1)支持材4に第1の層3aをコーティングする工程
第1の層を構成するメチルセルロース3%、グリセリン1.4%、D−ソルビトール液0.6%、トレハロース0.6%、純水94.4%の配合比からなる溶液を調製し、ナイフコーターを用いて、支持材4のポリエチレンテレフタレートからなるフィルム(厚さ38μm)(以下、PETフィルム)にコーティングした。塗布厚さは、8μm。
【0062】
塗布厚さは、厚く調整するほど、支持材4からの剥離が容易になるが、一方で、脂質含有食品5に対する付着性がわるくなることを考慮して、許容な範囲で調整する。
【0063】
なお、PETフィルム上には、コーティングを行う前に、離型材として、食用可能なシリコーンを、極薄く塗布しておくとよい。
2)第2の層3bをコーティングする工程
第2の層3bを構成するセラック26%、オレイン酸13%、エタノール61%の配合比からなる溶液を調整し、グラビアコーターR60を用いて、前記1)で調製した第1の層3aを塗布面にして、2回、コーティングした。
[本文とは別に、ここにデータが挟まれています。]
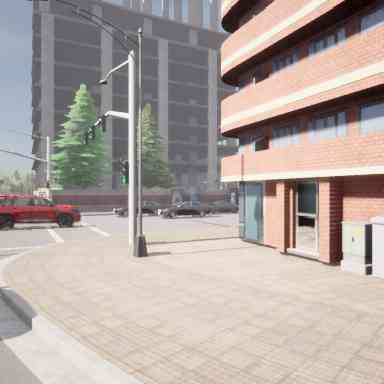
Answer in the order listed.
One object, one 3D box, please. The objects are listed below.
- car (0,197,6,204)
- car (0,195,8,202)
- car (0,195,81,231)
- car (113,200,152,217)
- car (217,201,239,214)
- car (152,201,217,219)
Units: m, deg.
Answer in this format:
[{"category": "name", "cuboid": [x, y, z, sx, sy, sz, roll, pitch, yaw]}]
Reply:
[{"category": "car", "cuboid": [-38.018, 1.595, 65.938, 1.895, 1.301, 4.718, 0, 0, -27]}, {"category": "car", "cuboid": [-42.553, 1.500, 74.788, 1.837, 1.490, 4.892, 0, 0, -27]}, {"category": "car", "cuboid": [-9.964, 1.255, 20.960, 5.566, 2.045, 2.150, 0, 0, -27]}, {"category": "car", "cuboid": [-4.962, 1.547, 31.531, 4.902, 1.511, 2.128, 0, 0, -27]}, {"category": "car", "cuboid": [2.998, 1.619, 35.541, 4.181, 1.385, 1.994, 0, 0, -27]}, {"category": "car", "cuboid": [-0.654, 1.547, 29.781, 4.902, 1.511, 2.128, 0, 0, -27]}]
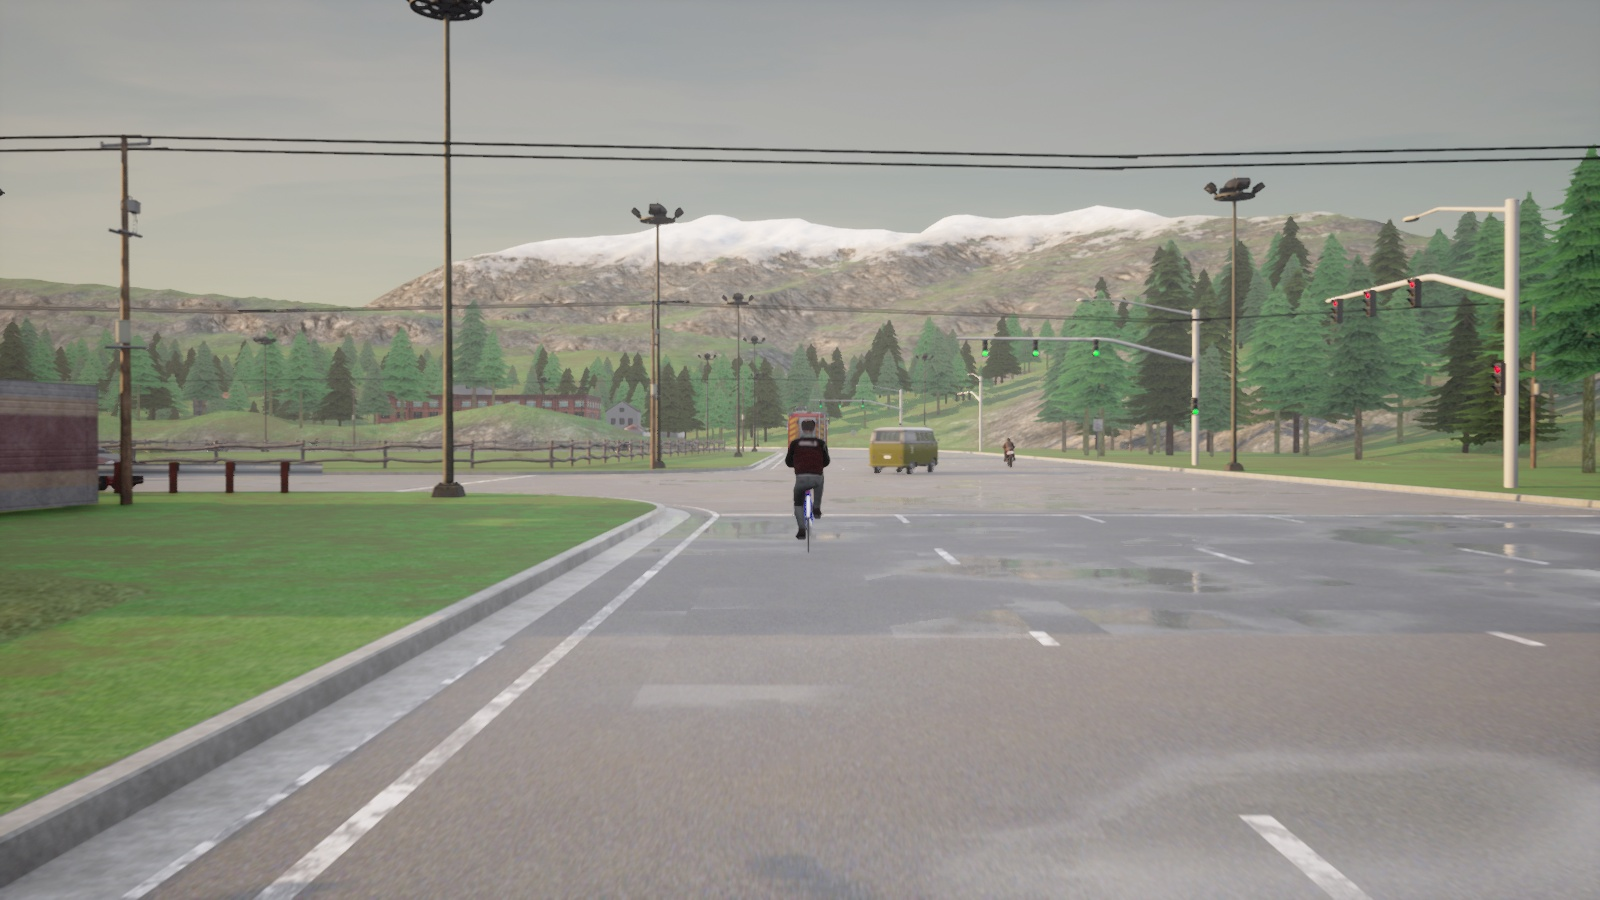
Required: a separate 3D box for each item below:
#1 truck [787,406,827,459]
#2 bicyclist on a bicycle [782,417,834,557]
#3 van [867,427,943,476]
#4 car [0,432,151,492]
[{"bbox_3d":[0.556,-1.279,94.920,2.891,3.827,8.468,0,1,0],"label":"truck"},{"bbox_3d":[0.111,0.464,16.874,0.659,1.776,1.843,0,1,0],"label":"bicyclist on a bicycle"},{"bbox_3d":[4.510,0.019,53.361,1.775,1.987,4.442,0,1,25],"label":"van"},{"bbox_3d":[-20.491,0.312,34.859,3.988,1.617,1.851,0,1,0],"label":"car"}]
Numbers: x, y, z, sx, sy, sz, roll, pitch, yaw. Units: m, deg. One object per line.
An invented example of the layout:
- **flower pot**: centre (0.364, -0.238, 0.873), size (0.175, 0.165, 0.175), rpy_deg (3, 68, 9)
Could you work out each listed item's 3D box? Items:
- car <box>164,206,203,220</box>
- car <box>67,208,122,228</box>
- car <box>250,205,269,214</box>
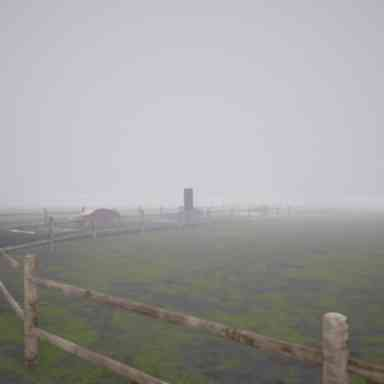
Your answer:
- **car**: centre (-0.834, 2.283, 36.905), size (2.033, 1.411, 5.357), rpy_deg (-1, -2, 35)
- **car**: centre (-7.814, 2.029, 27.108), size (1.812, 1.442, 4.674), rpy_deg (-1, -1, 35)
- **car**: centre (10.752, 2.689, 53.029), size (1.994, 1.385, 4.181), rpy_deg (-1, -2, 36)
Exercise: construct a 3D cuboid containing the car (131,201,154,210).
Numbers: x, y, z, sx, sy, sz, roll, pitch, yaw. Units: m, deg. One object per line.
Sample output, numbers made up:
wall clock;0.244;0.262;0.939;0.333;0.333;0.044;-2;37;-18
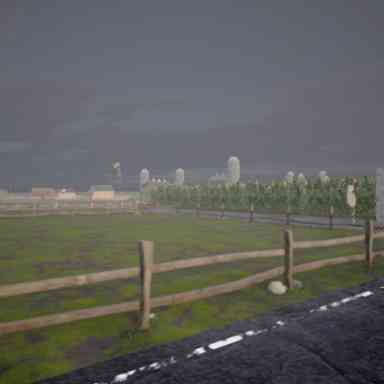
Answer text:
car;-7.393;2.029;49.576;1.895;1.301;4.718;0;0;-35
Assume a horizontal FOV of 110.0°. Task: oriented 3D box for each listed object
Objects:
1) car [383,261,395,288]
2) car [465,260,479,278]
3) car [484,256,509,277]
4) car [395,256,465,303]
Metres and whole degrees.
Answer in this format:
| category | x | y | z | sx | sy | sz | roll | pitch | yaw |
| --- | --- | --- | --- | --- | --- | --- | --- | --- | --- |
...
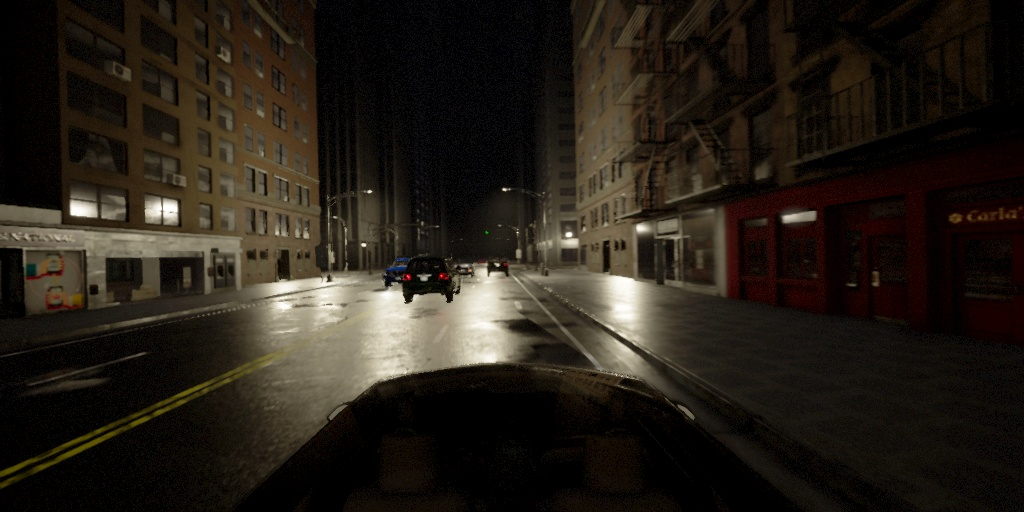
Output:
| category | x | y | z | sx | sy | sz | roll | pitch | yaw |
| --- | --- | --- | --- | --- | --- | --- | --- | --- | --- |
| car | -7.670 | 1.154 | 26.396 | 2.150 | 2.045 | 5.566 | -1 | 0 | -3 |
| car | -4.706 | 1.401 | 35.822 | 2.033 | 1.411 | 5.357 | -1 | 0 | -4 |
| car | -1.493 | 0.995 | 37.094 | 2.150 | 2.045 | 5.566 | -1 | 0 | -3 |
| car | -3.810 | 1.060 | 17.723 | 2.150 | 2.045 | 5.566 | -1 | 0 | -3 |
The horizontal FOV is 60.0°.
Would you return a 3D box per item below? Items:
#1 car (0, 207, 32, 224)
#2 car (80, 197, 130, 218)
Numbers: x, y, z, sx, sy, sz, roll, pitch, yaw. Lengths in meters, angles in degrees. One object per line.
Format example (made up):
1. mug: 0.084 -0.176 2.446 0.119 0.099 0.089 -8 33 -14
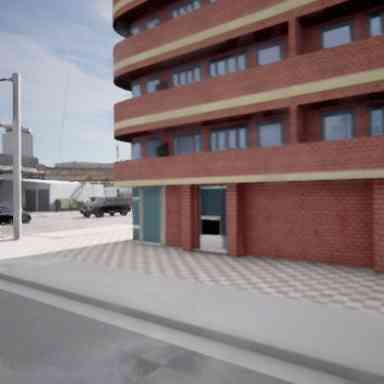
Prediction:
1. car: -14.940 1.898 26.166 1.994 1.385 4.181 -1 0 34
2. car: -8.985 1.555 34.874 2.150 2.045 5.566 -1 0 35
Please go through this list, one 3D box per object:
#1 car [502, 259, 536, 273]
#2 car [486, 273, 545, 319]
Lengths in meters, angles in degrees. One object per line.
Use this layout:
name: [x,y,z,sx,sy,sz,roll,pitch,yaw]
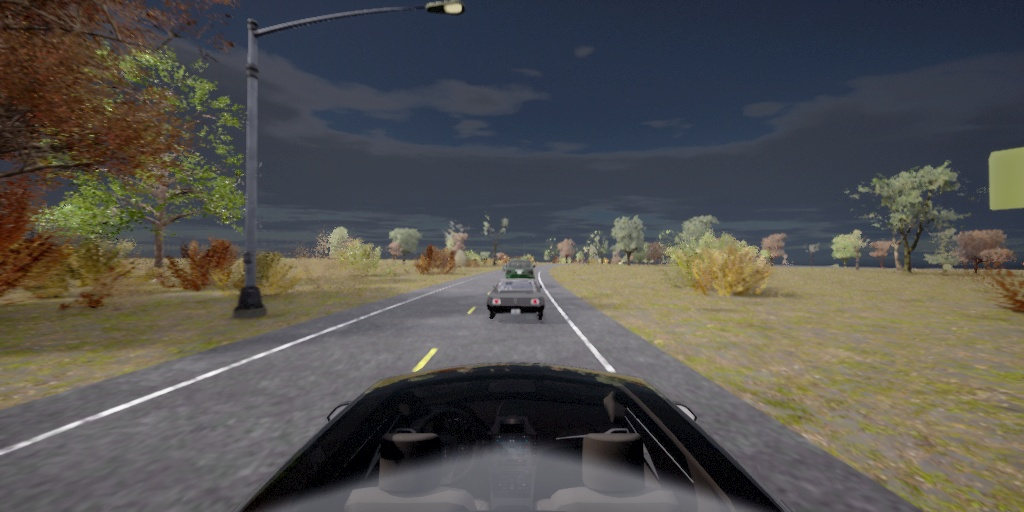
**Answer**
car: [0.670,1.279,27.952,2.150,2.045,5.566,0,0,3]
car: [0.192,1.488,13.487,1.895,1.301,4.718,0,-1,2]

塗布厚さは、5μm。
【0064】
塗布厚さは、あまりに厚く調整しすぎると、機械的強度が弱くなり、また、オレイン酸を多量に含むようになるので、後のスパッタリング工程で焦げてしまうことがある。
3)介在皮膜層3cをコーティングする工程
介在皮膜層3cを構成するツェイン15%、エタノール65%、純水20%の配合比からなる溶液を調製し、グラビアコーターR80を用いて、前記2)で調製した第2の層3bを塗布面にして、2回、コーティングした。塗布厚さは、2μm。
【0065】
塗布厚さは、オレイン酸を保護するに充分な厚さが要求されるが、あまりに厚くすると、ツェインの乾燥により、PETフィルムが収縮し反ってしまうので、許容な範囲で調整する。
4)スパッタリング工程
金をターゲット(膜の材料)として、前記3)で調製した試料にスパッタリングした。スパッタリングにより、前記介在皮膜層3c上に高純度の金からなる皮膜を形成する。皮膜の厚さは、500〜800オングストローム(50〜80nm)。
【0066】
以上、1)〜4)の工程により、PETフィルム上には、第1の層3a、第2の層3b、介在皮膜層3c、金の皮膜層が順番に積層された。
5)箔押し、型抜き工程
前記4)で調製した試料をエンボシングした。すなわち、エンボシングを利用してツヤ消しを行い、金表面に変化をもたせた。エンボシングと同時に、PETフィルム上の第1の層3a、第2の層3b、介在皮膜層3c、金の着色層の部分をPETフィルムが傷つかないように型抜きし、所望の文字、模様、絵柄等からなる積層フィルム(可食性積層体1)が、PETフィルム上に残るように成形した。
6)食品への付着
前記5)で型抜きした試料は、例えば、ピンセットを利用すると、PETフィルムから容易に剥がすことができた。剥がした試料、すなわち可食性積層体1を、チョコレート、バター、チーズといった脂質含有食品5の表面に、張り付けるようにして載せると、親和性良く、付着させることができた。
【0067】
なお、第2の実施の形態に係る、第2の層3bを有しない可食性積層体1aおよびこの可食性積層体1aを付着した脂質含有食品5の実施例については、前記2)の第2の層3bをコーティングする工程が存在せず、また、介在皮膜層3cを、第1の層3aを塗布面にしてコーティングする点で相違するのみであり、その他については、前記第1の実施の形態に係る、可食性積層体1およびこの可食性積層体1を付着した脂質含有食品5の実施例を当てはめることができる。
【0068】
【発明の効果】
以上、詳述したところから明らかなように、この発明に係るフィルム状の可食性積層体およびこのフィルム状の可食性積層体を付着した脂質含有食品によれば、次の効果がある。
【0069】
請求項1に記載のフィルム状の可食性積層体によれば、付着層を構成する第2の層の高級脂肪酸または(および)油脂素材が、同じく付着層を構成する第1の層に浸透することにより、例えば、チョコレート、バター、チーズといった脂質含有食品との親和性を向上させて、食用可能な装飾層を備えたそのフィルム状の可食性積層体と、前記脂質含有食品との付着性を高めることができる。
【0070】
また、第1の層は、フィルム形成可能な多糖類または多糖類の誘導体を含有していることから、第2の層の高級脂肪酸または(および)油脂素材の浸透作用が起こる。したがって、特に、脂質含有食品に適用される場合、フィルム状の可食性積層体は、その食品に親和性良く付着される。
【0071】
また、請求項2に記載のフィルム状の可食性積層体によれば、フィルム形成可能な多糖類の誘導体は、セルロースエーテルであることから、特に、脂質含有食品に適用される場合、そのフィルム状の可食性積層体は、安定して付着される。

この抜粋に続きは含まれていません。